Она всхлипнула и утерла глаза платочком, извлеченным из рукава.
— Дальше, — мягко попросил Петр. — Мне сказали, ты ищешь работу горничной. Так?
— Да, ваша светлость, — просияла девушка. — Если ваша светлость согласны меня нанять, я готова делать все. Стирать, убирать, мыть посуду — все, что прикажете. Я готова работать за еду и кров и лишь самое маленькое денежное вознаграждение. Поймите меня правильно, я бы не просила денег вообще. Но у меня два младших брата, восьми и одиннадцати лет.
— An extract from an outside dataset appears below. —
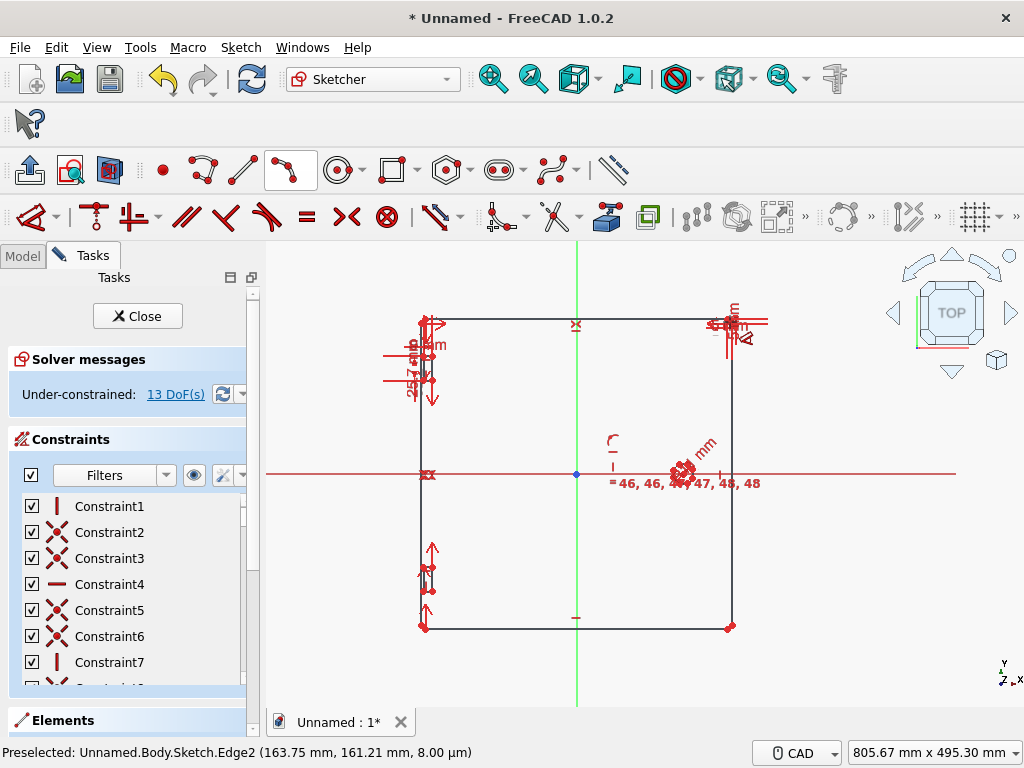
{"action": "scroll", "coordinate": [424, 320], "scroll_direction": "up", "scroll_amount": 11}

Они голодают, ваша светлость, а других родственников у нас нет, и только мое содержание…
Петр поднял руку, и девушка испуганно замолчала.
— Сколько тебе лет?
— Семнадцать.
— Ты девственница? — тем же тоном спросил Петр.
При этих словах девушка густо покраснела и кивнула.
— Не слышу ответа.
— Да, — еле слышно произнесла она.
— Мне врать негоже.
— Честное слово, ваше сиятельство!
— Ну кто же сейчас верит на честное слово, — Петр переглянулся с Тыну. — Даже купцы в лавках проверяют товар. У меня есть для тебя хорошая работа. Если я поручу тебе ее, ты не только будешь обеспечена. Позже я найду тебе состоятельного мужа — с положением и даже, возможно, дворянина. В зависимости от того, как хорошо ты будешь выполнять мои поручения. Кроме того, твои братья не только никогда больше не лягут спать голодными, в нетопленой комнате, но и могут быть зачислены в кадетское училище, приписаны к престижному полку и, возможно, даже заслужат дворянство, отличившись в боях за короля.
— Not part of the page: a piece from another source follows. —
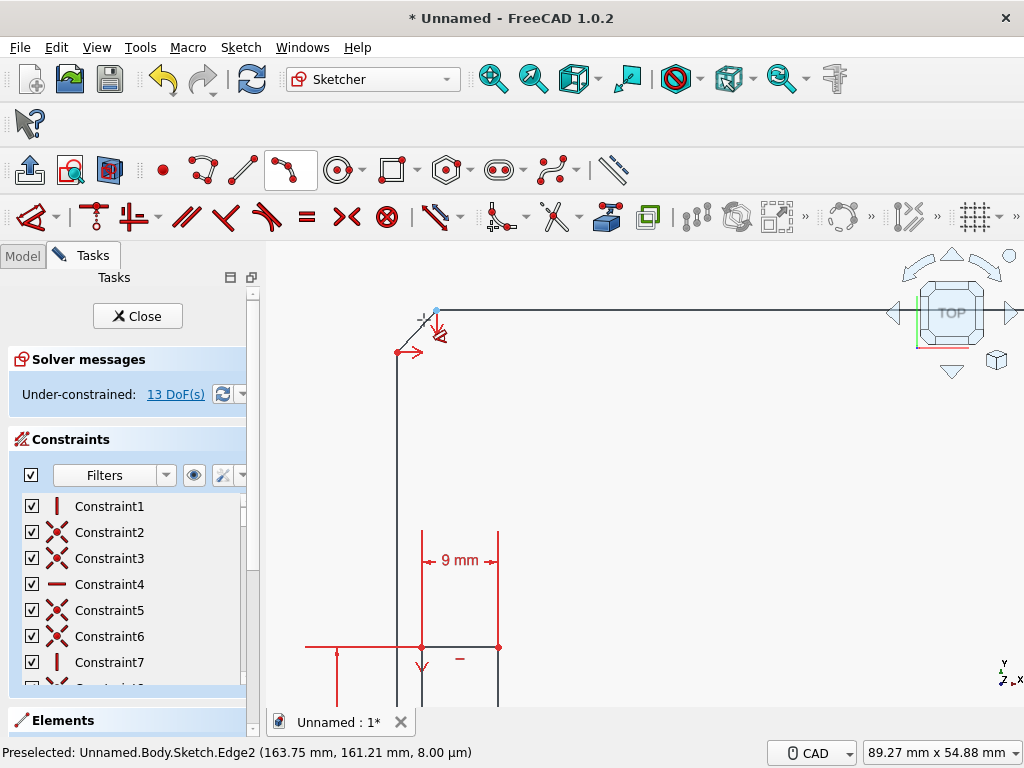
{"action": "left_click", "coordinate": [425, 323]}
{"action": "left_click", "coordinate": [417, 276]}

Краска мгновенно сошла с лица девушки и сменилась бледностью.
— Какую… работу?
— Горничной в королевском дворце, — гордо произнес Петр. — Теперь ты понимаешь, почему я так придирчиво расспрашиваю тебя? Мне нужна честная, порядочная девушка, которой можно доверить переступить порог королевских покоев. Личных покоев, заметь.
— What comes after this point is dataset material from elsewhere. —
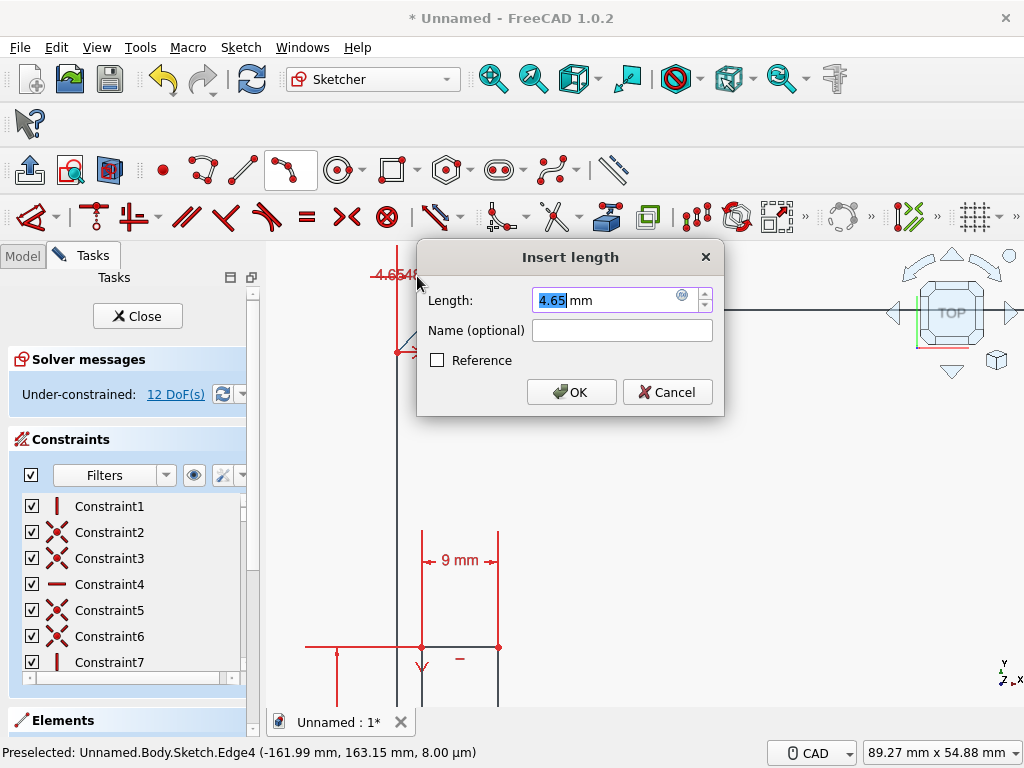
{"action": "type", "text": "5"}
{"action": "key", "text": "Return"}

Петр наставительно поднял палец.
— О да, вы можете мне доверять, — Грета снова сделала книксен, и в глазах у нее отразился восторг.
— Прежде чем я доверю тебе более серьезные вещи, — строго произнес Петр, — я хочу проверить, не врешь ли ты мне уже сейчас. А именно — девственница ли ты.
В глазах у девушки появилась растерянность.
— Как… вы хотите это сделать?
— Ну как это обычно делают, — хохотнул Тыну. — Заглянуть тебе, куда следует.
— Я не могу, — Грета в испуге закрылась руками.
— А держать в голоде своих братьев и голодать сама можешь? — строго спросил Петр. — Считай, что это первая проверка твоей лояльности. Если боишься показать то, чем наделил тебя Бог, королевскому министру, можем ли мы считать, что ты не будешь утаивать чего-либо в дальнейшем? Решай: или небольшой позор сейчас, а потом хорошая работа, богатый муж и карьера для братьев, или сейчас же вон из дворца. Что ты выбираешь?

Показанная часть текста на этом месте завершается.